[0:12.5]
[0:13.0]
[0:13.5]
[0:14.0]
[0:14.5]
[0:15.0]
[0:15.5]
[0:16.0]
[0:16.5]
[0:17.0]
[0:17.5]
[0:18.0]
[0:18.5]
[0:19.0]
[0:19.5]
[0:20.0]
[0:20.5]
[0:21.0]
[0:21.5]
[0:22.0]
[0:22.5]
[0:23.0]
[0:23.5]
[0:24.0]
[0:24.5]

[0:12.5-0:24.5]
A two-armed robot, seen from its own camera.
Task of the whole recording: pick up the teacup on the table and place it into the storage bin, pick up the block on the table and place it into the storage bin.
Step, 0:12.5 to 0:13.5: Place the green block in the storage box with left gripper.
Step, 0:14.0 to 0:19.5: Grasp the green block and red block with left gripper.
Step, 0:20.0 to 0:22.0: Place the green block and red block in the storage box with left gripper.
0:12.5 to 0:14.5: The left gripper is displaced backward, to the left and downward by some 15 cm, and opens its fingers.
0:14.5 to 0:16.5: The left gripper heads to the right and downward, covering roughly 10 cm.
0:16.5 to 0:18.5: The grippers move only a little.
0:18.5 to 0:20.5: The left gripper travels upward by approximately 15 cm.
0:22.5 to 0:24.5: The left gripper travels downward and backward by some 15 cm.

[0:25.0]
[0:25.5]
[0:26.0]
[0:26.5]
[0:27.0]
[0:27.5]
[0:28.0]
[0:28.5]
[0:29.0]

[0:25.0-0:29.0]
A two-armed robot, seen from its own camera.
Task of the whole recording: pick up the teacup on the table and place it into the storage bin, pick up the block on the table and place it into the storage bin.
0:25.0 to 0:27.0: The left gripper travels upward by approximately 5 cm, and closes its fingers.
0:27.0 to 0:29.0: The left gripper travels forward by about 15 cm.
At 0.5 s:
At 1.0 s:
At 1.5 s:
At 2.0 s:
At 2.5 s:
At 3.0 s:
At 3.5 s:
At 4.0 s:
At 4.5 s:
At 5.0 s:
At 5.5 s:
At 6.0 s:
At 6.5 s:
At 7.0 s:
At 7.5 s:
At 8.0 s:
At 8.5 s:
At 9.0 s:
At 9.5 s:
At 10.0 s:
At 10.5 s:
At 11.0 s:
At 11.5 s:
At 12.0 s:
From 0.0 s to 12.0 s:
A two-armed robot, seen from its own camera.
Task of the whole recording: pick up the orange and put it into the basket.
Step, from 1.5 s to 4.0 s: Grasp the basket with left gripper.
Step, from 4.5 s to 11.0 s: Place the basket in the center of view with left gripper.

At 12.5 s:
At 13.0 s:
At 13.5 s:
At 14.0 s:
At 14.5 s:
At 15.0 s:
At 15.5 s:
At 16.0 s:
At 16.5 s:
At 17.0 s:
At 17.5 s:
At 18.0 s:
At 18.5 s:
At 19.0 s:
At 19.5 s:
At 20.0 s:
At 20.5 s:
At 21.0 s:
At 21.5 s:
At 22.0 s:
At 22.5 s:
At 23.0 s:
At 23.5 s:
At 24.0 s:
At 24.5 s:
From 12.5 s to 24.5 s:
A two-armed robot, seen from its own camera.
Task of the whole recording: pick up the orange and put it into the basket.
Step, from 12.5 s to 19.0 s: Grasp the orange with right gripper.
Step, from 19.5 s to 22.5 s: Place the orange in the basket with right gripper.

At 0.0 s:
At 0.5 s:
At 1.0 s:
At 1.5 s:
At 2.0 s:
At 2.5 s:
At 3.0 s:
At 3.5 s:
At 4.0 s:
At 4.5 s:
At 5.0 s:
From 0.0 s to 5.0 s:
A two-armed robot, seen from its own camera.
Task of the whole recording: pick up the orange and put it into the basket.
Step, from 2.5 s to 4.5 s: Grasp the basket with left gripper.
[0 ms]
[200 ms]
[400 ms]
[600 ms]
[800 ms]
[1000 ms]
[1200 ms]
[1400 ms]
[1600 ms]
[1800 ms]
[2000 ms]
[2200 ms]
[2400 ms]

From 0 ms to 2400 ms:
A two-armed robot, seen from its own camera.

_____

● YOUR OBJECTIVE:
From the first line of the records to the line containing "From 0.0 s to 12.0", inclusive, transcribe everything exactly and leave out the rest.

● RESULT:
[0:12.5]
[0:13.0]
[0:13.5]
[0:14.0]
[0:14.5]
[0:15.0]
[0:15.5]
[0:16.0]
[0:16.5]
[0:17.0]
[0:17.5]
[0:18.0]
[0:18.5]
[0:19.0]
[0:19.5]
[0:20.0]
[0:20.5]
[0:21.0]
[0:21.5]
[0:22.0]
[0:22.5]
[0:23.0]
[0:23.5]
[0:24.0]
[0:24.5]

[0:12.5-0:24.5]
A two-armed robot, seen from its own camera.
Task of the whole recording: pick up the teacup on the table and place it into the storage bin, pick up the block on the table and place it into the storage bin.
Step, 0:12.5 to 0:13.5: Place the green block in the storage box with left gripper.
Step, 0:14.0 to 0:19.5: Grasp the green block and red block with left gripper.
Step, 0:20.0 to 0:22.0: Place the green block and red block in the storage box with left gripper.
0:12.5 to 0:14.5: The left gripper is displaced backward, to the left and downward by some 15 cm, and opens its fingers.
0:14.5 to 0:16.5: The left gripper heads to the right and downward, covering roughly 10 cm.
0:16.5 to 0:18.5: The grippers move only a little.
0:18.5 to 0:20.5: The left gripper travels upward by approximately 15 cm.
0:22.5 to 0:24.5: The left gripper travels downward and backward by some 15 cm.

[0:25.0]
[0:25.5]
[0:26.0]
[0:26.5]
[0:27.0]
[0:27.5]
[0:28.0]
[0:28.5]
[0:29.0]

[0:25.0-0:29.0]
A two-armed robot, seen from its own camera.
Task of the whole recording: pick up the teacup on the table and place it into the storage bin, pick up the block on the table and place it into the storage bin.
0:25.0 to 0:27.0: The left gripper travels upward by approximately 5 cm, and closes its fingers.
0:27.0 to 0:29.0: The left gripper travels forward by about 15 cm.
At 0.5 s:
At 1.0 s:
At 1.5 s:
At 2.0 s:
At 2.5 s:
At 3.0 s:
At 3.5 s:
At 4.0 s:
At 4.5 s:
At 5.0 s:
At 5.5 s:
At 6.0 s:
At 6.5 s:
At 7.0 s:
At 7.5 s:
At 8.0 s:
At 8.5 s:
At 9.0 s:
At 9.5 s:
At 10.0 s:
At 10.5 s:
At 11.0 s:
At 11.5 s:
At 12.0 s:
From 0.0 s to 12.0 s:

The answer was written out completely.